Opening Edge Computing’s Black Box
In the early days of the Living Edge Lab, Wi-Fi was our go-to access network for edge computing research. When it was good, it was very good but when it was bad, it was very bad. Under ideal conditions, Wi-Fi has good throughput and round-trip latency under 5ms. But, when congestion and interference occur, any predictability goes out the window. There’s no way to control all those wild Wi-Fi hotspots around campus. Also, Wi-Fi isn’t particularly good at mobility or coverage in large scale outdoor areas. We began to use commercial 4G LTE mobile networks in addition to Wi-Fi for our research work. That got us mobility and widespread outdoor coverage but round-trip latencies in the 50 to 200ms range. Commercial mobile networks are also subject to congestion, often have geographically diverse interconnect points that add latency, and are opaque to a researcher trying to understand what’s going on inside. Our need for low latency, predictability, mobility, and transparency led us to build the private CBRS 4G LTE mobile network that I talked about in my blog, “The Quest for Lower Latency”.
The network is giving us a predictable 30 to 35ms round-trip latency and good coverage in the outdoor areas around campus. But we’re never satisfied – we want a mobile network with round-trip latencies less than 20ms. The lower we can get, the more edge-native applications become feasible; for example, augmented reality apps need very low motion-to-photon latencies to give adequate user experience. In our first step toward continual improvement in round-trip latency, we launched a project to measure latency for each of the large network segments in the Living Edge Lab. We wanted to “pareto” the segments to understand where to focus our latency optimization efforts.
The Network Latency Segmentation Project, led by students Sophie Smith and Ishan Darwhekar, implemented network measurement probes at various points in the network – at the user equipment (UE), between the Radio Access Network (RAN) and the Evolved Packet Core (EPC) and the between the EPC and the Cloudlet. See Figure 1.
They developed a network synchronization method to enable correlation of packets generated by network traffic and a database and dashboard to monitor the latency at each segment in real time. They then ran a series of experiments using this framework. The project and results are presented in a new CMU Technical Report, “Segmenting Latency in a Private 4G LTE Network”.
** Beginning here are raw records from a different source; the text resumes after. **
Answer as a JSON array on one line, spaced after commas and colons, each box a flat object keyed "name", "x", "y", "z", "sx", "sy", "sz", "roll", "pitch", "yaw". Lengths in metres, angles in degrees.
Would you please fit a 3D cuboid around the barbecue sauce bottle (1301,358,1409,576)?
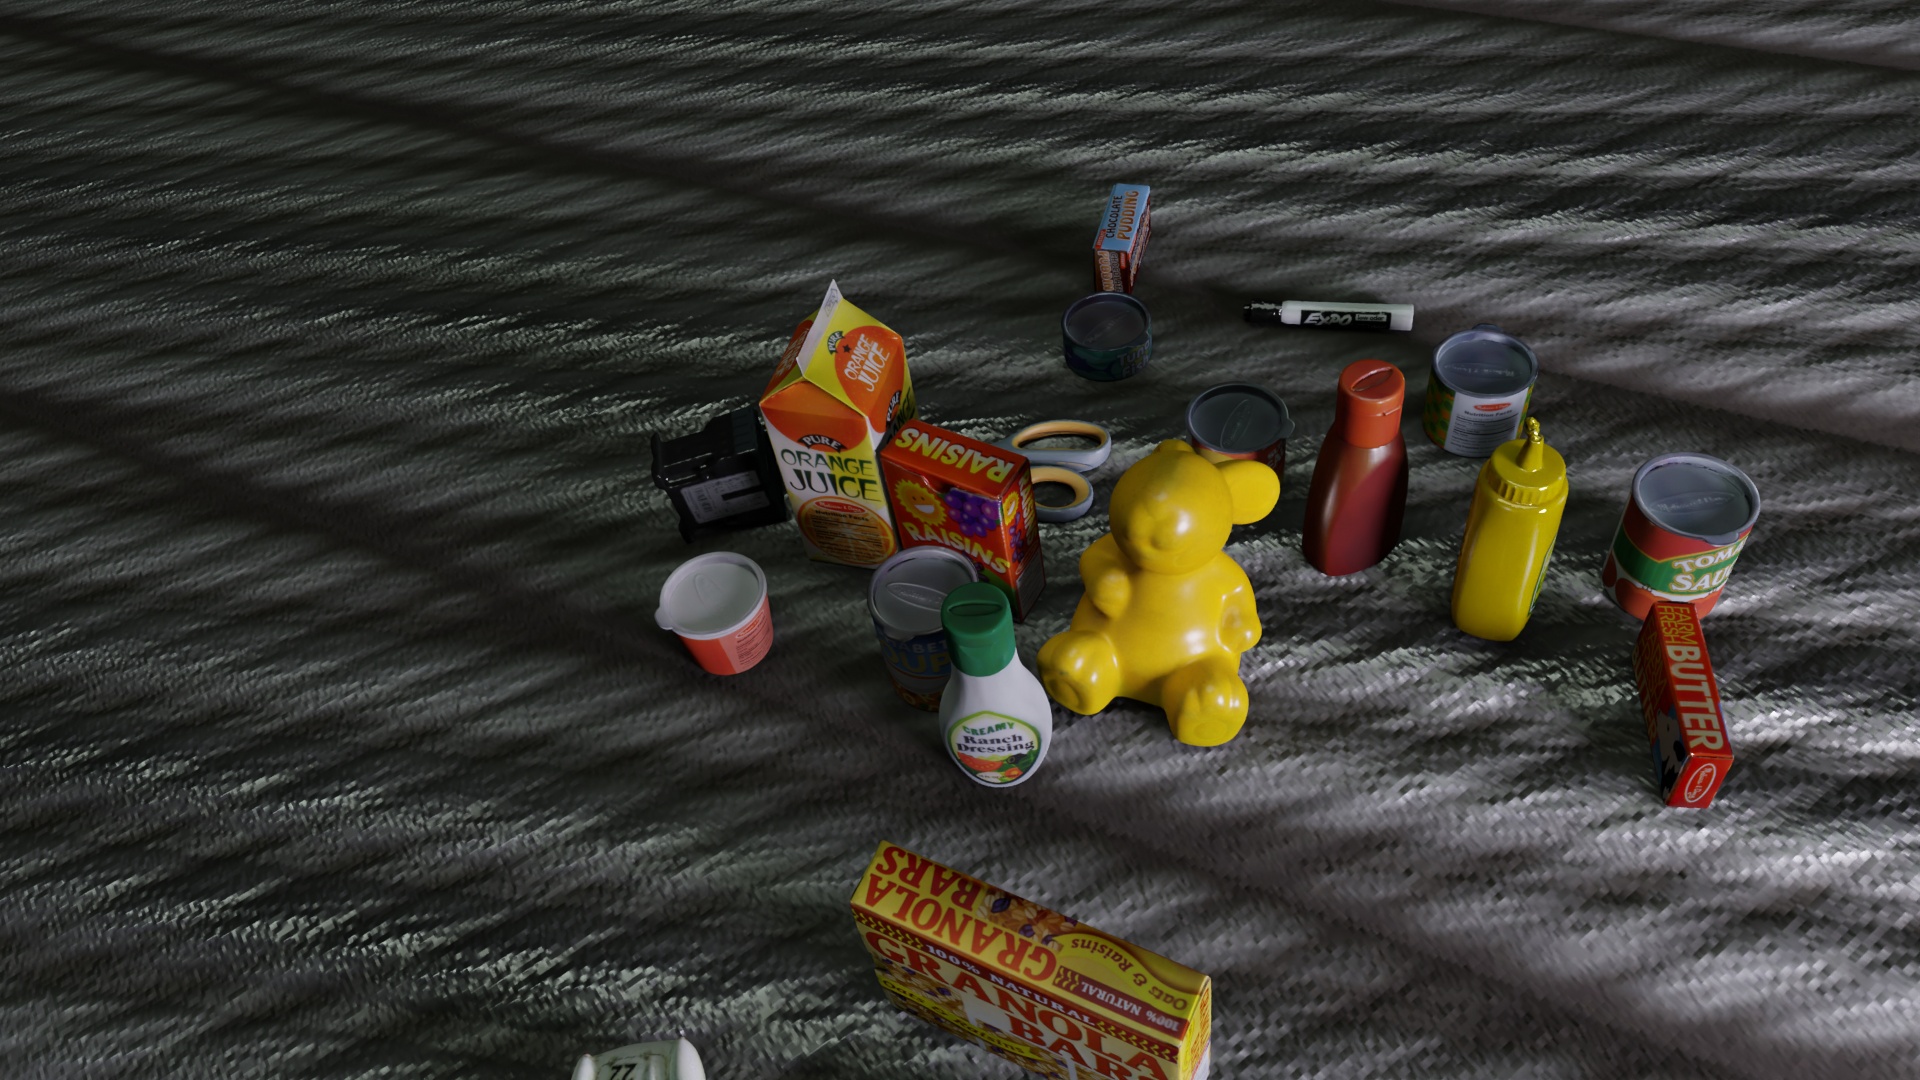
[{"name": "barbecue sauce bottle", "x": 0.241, "y": -0.043, "z": 0.837, "sx": 0.065, "sy": 0.147, "sz": 0.044, "roll": -27, "pitch": 51, "yaw": -13}]

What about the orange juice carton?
[{"name": "orange juice carton", "x": -0.072, "y": -0.069, "z": 0.880, "sx": 0.073, "sy": 0.191, "sz": 0.072, "roll": 8, "pitch": 52, "yaw": 16}]

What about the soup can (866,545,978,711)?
[{"name": "soup can", "x": -0.018, "y": 0.056, "z": 0.837, "sx": 0.071, "sy": 0.083, "sz": 0.072, "roll": -5, "pitch": 49, "yaw": 5}]

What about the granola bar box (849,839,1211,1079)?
[{"name": "granola bar box", "x": 0.035, "y": 0.216, "z": 0.664, "sx": 0.166, "sy": 0.123, "sz": 0.039, "roll": 17, "pitch": 55, "yaw": 22}]

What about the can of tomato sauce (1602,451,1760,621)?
[{"name": "can of tomato sauce", "x": 0.421, "y": 0.001, "z": 0.813, "sx": 0.071, "sy": 0.082, "sz": 0.071, "roll": -5, "pitch": 49, "yaw": 5}]

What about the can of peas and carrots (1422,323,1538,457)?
[{"name": "can of peas and carrots", "x": 0.346, "y": -0.100, "z": 0.928, "sx": 0.071, "sy": 0.058, "sz": 0.071, "roll": -5, "pitch": 49, "yaw": 5}]

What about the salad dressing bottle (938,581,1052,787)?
[{"name": "salad dressing bottle", "x": 0.016, "y": 0.081, "z": 0.768, "sx": 0.064, "sy": 0.147, "sz": 0.044, "roll": -2, "pitch": 50, "yaw": 8}]

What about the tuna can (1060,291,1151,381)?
[{"name": "tuna can", "x": 0.110, "y": -0.150, "z": 1.026, "sx": 0.071, "sy": 0.032, "sz": 0.071, "roll": -5, "pitch": 49, "yaw": 5}]

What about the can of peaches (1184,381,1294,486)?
[{"name": "can of peaches", "x": 0.185, "y": -0.062, "z": 0.922, "sx": 0.071, "sy": 0.057, "sz": 0.071, "roll": -5, "pitch": 49, "yaw": 5}]

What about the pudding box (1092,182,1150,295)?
[{"name": "pudding box", "x": 0.126, "y": -0.235, "z": 1.085, "sx": 0.030, "sy": 0.049, "sz": 0.084, "roll": 8, "pitch": 52, "yaw": 16}]

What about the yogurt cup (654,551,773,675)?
[{"name": "yogurt cup", "x": -0.152, "y": 0.049, "z": 0.884, "sx": 0.072, "sy": 0.053, "sz": 0.073, "roll": -5, "pitch": 49, "yaw": 5}]

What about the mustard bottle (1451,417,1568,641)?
[{"name": "mustard bottle", "x": 0.313, "y": -0.009, "z": 0.789, "sx": 0.049, "sy": 0.159, "sz": 0.065, "roll": 15, "pitch": 54, "yaw": 21}]

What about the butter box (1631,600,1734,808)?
[{"name": "butter box", "x": 0.395, "y": 0.089, "z": 0.762, "sx": 0.024, "sy": 0.052, "sz": 0.104, "roll": 1, "pitch": 50, "yaw": 10}]

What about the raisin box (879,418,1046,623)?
[{"name": "raisin box", "x": 0.003, "y": -0.011, "z": 0.864, "sx": 0.086, "sy": 0.122, "sz": 0.040, "roll": 21, "pitch": 56, "yaw": 25}]

The most significant learning was that the UE-RAN uplink median latency was around 25ms while the RAN-UE downlink was around 8ms – almost the entire 35ms round-trip! The EPC and cloudlet (not including any application-specific processing) contribute less than 2ms. The other observation is that the latency variance (or jitter) in the uplink latency is substantial and accounts for most of the round-trip jitter. See Figure 2 for uplink and downlink latencies for each of the segments.
Figure 2 – Network Segmentation Results
This result points us to the 4G LTE uplink channel scheduling algorithms as the probable cause of the uplink issues. We’re beginning to look at ways we might optimize the UE-RAN uplink while we wait for 5G-readiness. We believe that 5G will make significant improvement, but we’d still like to see how well we can do on 4G.
The approaches we used in this project didn’t require any proprietary or encrypted access inside the RAN or Core. We tapped in at open points in the 4G LTE architecture. That means that other private network operators could apply the same techniques to get data for their networks. Look at the technical report, project presentation video, poster and opensource code for more details.